• Collection entries:
☆ ☆ ☆ ☆ ☆ ☆ ☆
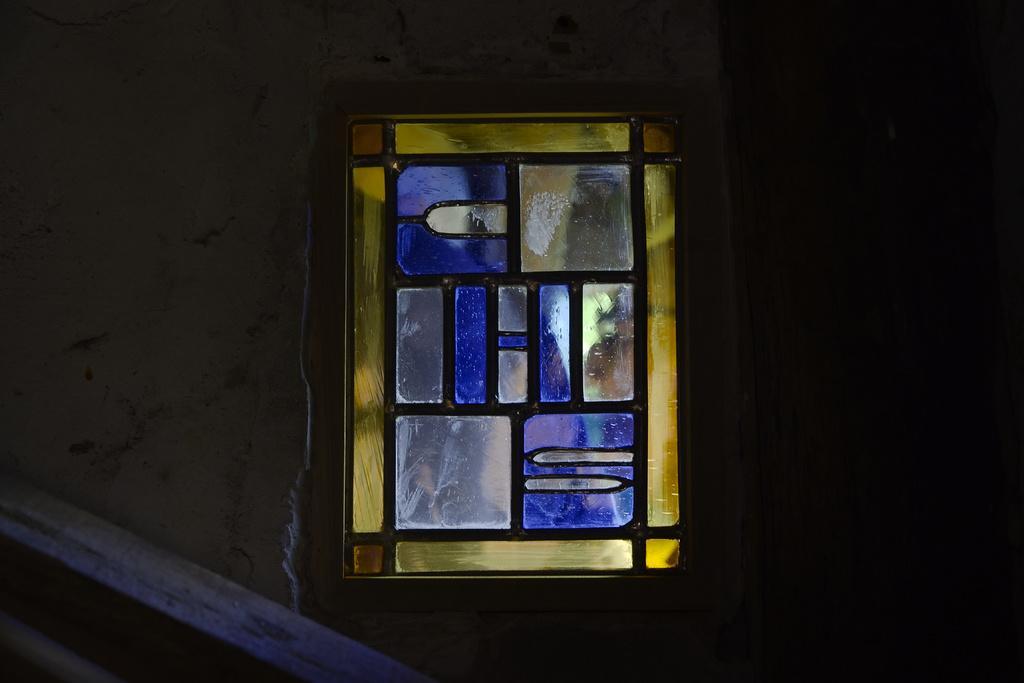Describe this image in one or two sentences. In this image we can see a window with glass. On the left side, we can see a wall. On the right side the image is dark. 
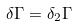<formula> <loc_0><loc_0><loc_500><loc_500>\delta \Gamma = \delta _ { 2 } \Gamma</formula> 
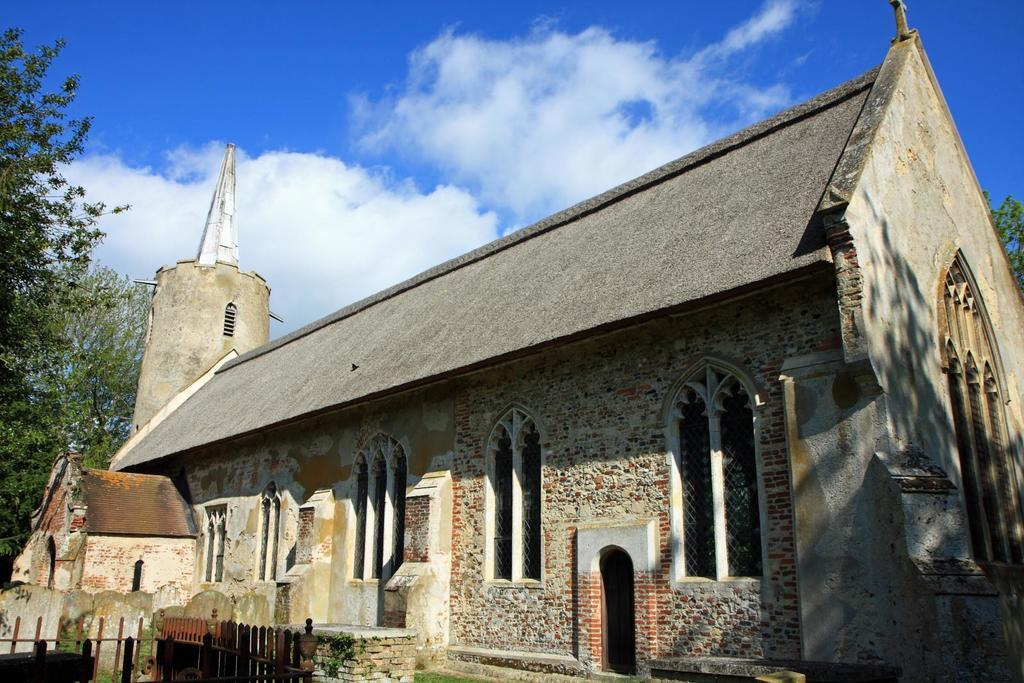What type of structure is in the image? There is a house in the image. What material is used for the walls of the house? The house has brick walls. What features can be seen on the house? The house has windows and grills. What is visible at the bottom of the image? There is grass, fencing, and plants at the bottom of the image. What can be seen in the background of the image? There are trees and a cloudy sky in the background of the image. What type of harmony is being played by the musicians in the image? There are no musicians or any indication of music in the image. What badge is the person wearing on their uniform in the image? There is no person or uniform present in the image. 
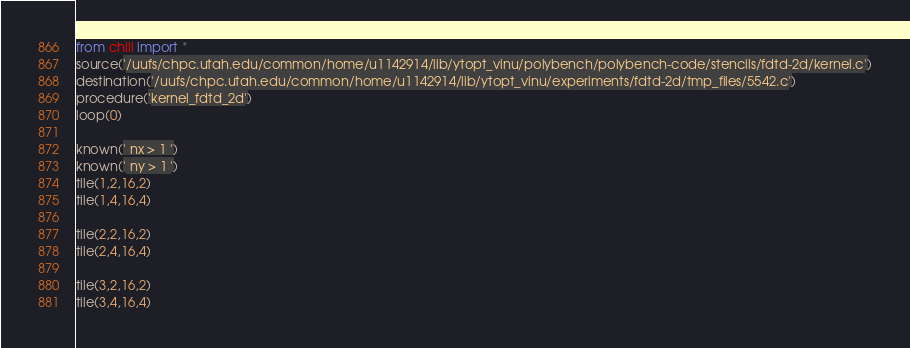<code> <loc_0><loc_0><loc_500><loc_500><_Python_>from chill import *
source('/uufs/chpc.utah.edu/common/home/u1142914/lib/ytopt_vinu/polybench/polybench-code/stencils/fdtd-2d/kernel.c')
destination('/uufs/chpc.utah.edu/common/home/u1142914/lib/ytopt_vinu/experiments/fdtd-2d/tmp_files/5542.c')
procedure('kernel_fdtd_2d')
loop(0)

known(' nx > 1 ')
known(' ny > 1 ')
tile(1,2,16,2)
tile(1,4,16,4)

tile(2,2,16,2)
tile(2,4,16,4)

tile(3,2,16,2)
tile(3,4,16,4)

</code> 
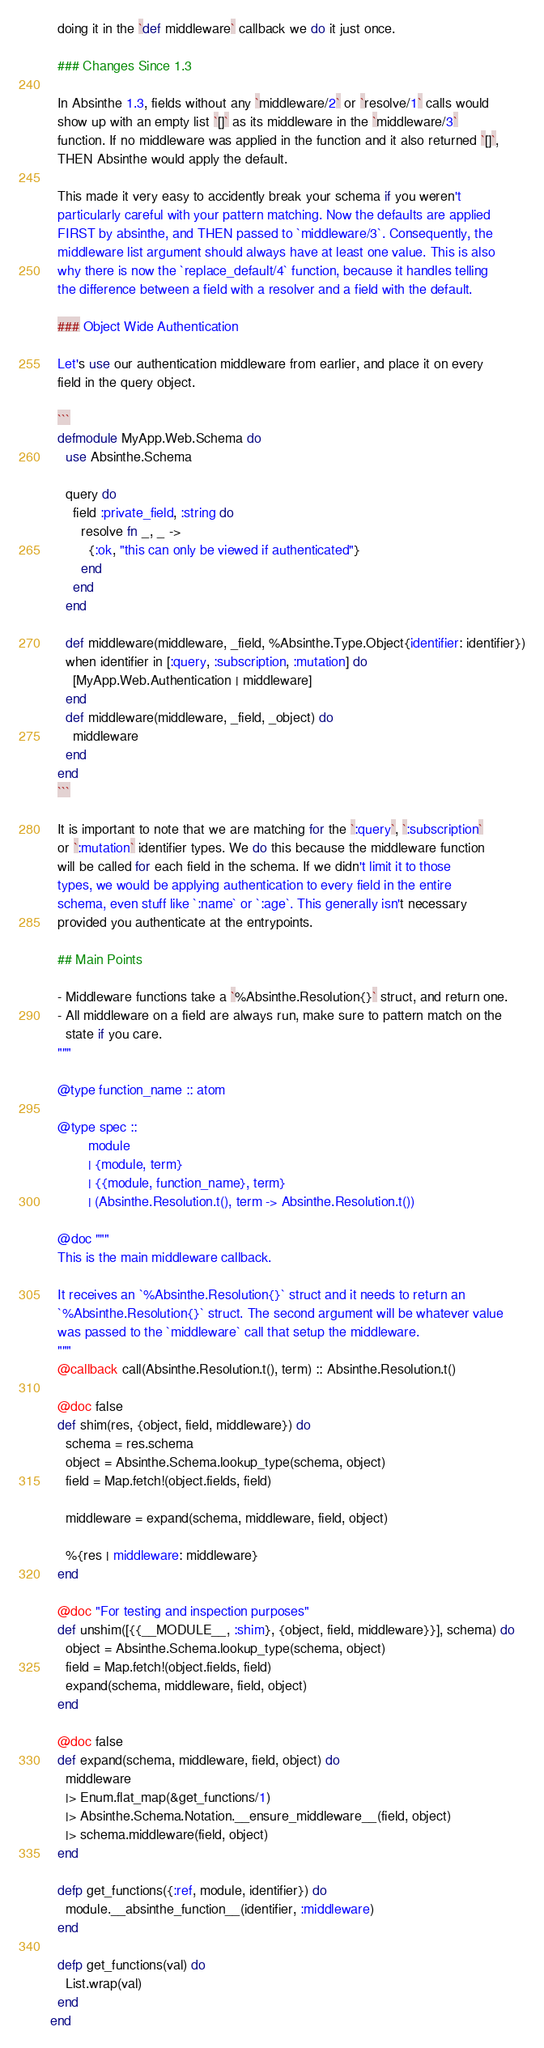<code> <loc_0><loc_0><loc_500><loc_500><_Elixir_>  doing it in the `def middleware` callback we do it just once.

  ### Changes Since 1.3

  In Absinthe 1.3, fields without any `middleware/2` or `resolve/1` calls would
  show up with an empty list `[]` as its middleware in the `middleware/3`
  function. If no middleware was applied in the function and it also returned `[]`,
  THEN Absinthe would apply the default.

  This made it very easy to accidently break your schema if you weren't
  particularly careful with your pattern matching. Now the defaults are applied
  FIRST by absinthe, and THEN passed to `middleware/3`. Consequently, the
  middleware list argument should always have at least one value. This is also
  why there is now the `replace_default/4` function, because it handles telling
  the difference between a field with a resolver and a field with the default.

  ### Object Wide Authentication

  Let's use our authentication middleware from earlier, and place it on every
  field in the query object.

  ```
  defmodule MyApp.Web.Schema do
    use Absinthe.Schema

    query do
      field :private_field, :string do
        resolve fn _, _ ->
          {:ok, "this can only be viewed if authenticated"}
        end
      end
    end

    def middleware(middleware, _field, %Absinthe.Type.Object{identifier: identifier})
    when identifier in [:query, :subscription, :mutation] do
      [MyApp.Web.Authentication | middleware]
    end
    def middleware(middleware, _field, _object) do
      middleware
    end
  end
  ```

  It is important to note that we are matching for the `:query`, `:subscription`
  or `:mutation` identifier types. We do this because the middleware function
  will be called for each field in the schema. If we didn't limit it to those
  types, we would be applying authentication to every field in the entire
  schema, even stuff like `:name` or `:age`. This generally isn't necessary
  provided you authenticate at the entrypoints.

  ## Main Points

  - Middleware functions take a `%Absinthe.Resolution{}` struct, and return one.
  - All middleware on a field are always run, make sure to pattern match on the
    state if you care.
  """

  @type function_name :: atom

  @type spec ::
          module
          | {module, term}
          | {{module, function_name}, term}
          | (Absinthe.Resolution.t(), term -> Absinthe.Resolution.t())

  @doc """
  This is the main middleware callback.

  It receives an `%Absinthe.Resolution{}` struct and it needs to return an
  `%Absinthe.Resolution{}` struct. The second argument will be whatever value
  was passed to the `middleware` call that setup the middleware.
  """
  @callback call(Absinthe.Resolution.t(), term) :: Absinthe.Resolution.t()

  @doc false
  def shim(res, {object, field, middleware}) do
    schema = res.schema
    object = Absinthe.Schema.lookup_type(schema, object)
    field = Map.fetch!(object.fields, field)

    middleware = expand(schema, middleware, field, object)

    %{res | middleware: middleware}
  end

  @doc "For testing and inspection purposes"
  def unshim([{{__MODULE__, :shim}, {object, field, middleware}}], schema) do
    object = Absinthe.Schema.lookup_type(schema, object)
    field = Map.fetch!(object.fields, field)
    expand(schema, middleware, field, object)
  end

  @doc false
  def expand(schema, middleware, field, object) do
    middleware
    |> Enum.flat_map(&get_functions/1)
    |> Absinthe.Schema.Notation.__ensure_middleware__(field, object)
    |> schema.middleware(field, object)
  end

  defp get_functions({:ref, module, identifier}) do
    module.__absinthe_function__(identifier, :middleware)
  end

  defp get_functions(val) do
    List.wrap(val)
  end
end
</code> 
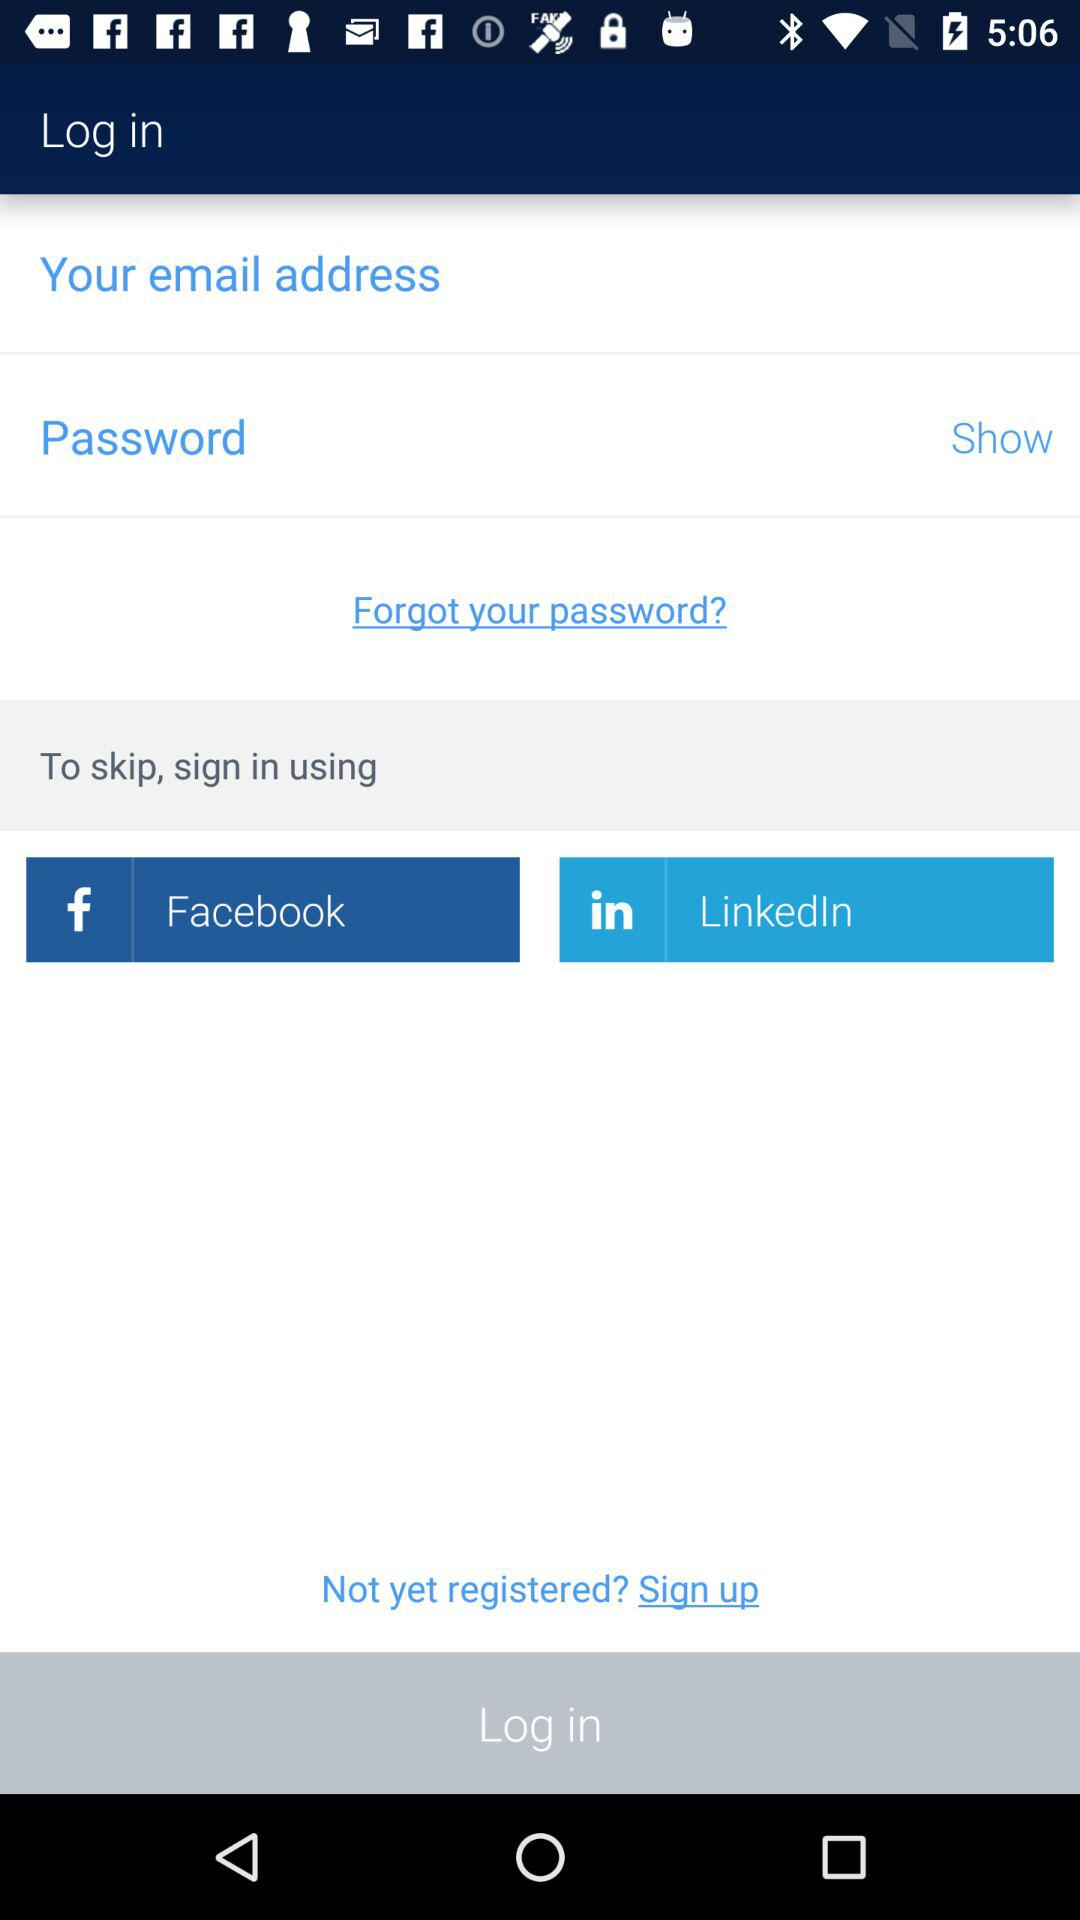What social apps can we use to sign in? The social apps that can be used to sign in are Facebook and LinkedIn.
☆ ☆ ☆ ☆ ☆ ☆ ☆
• Description of the task: Where does the word "because" appear in the records? Copy every line that holds it.

• Your solution:
  why there is now the `replace_default/4` function, because it handles telling
  or `:mutation` identifier types. We do this because the middleware function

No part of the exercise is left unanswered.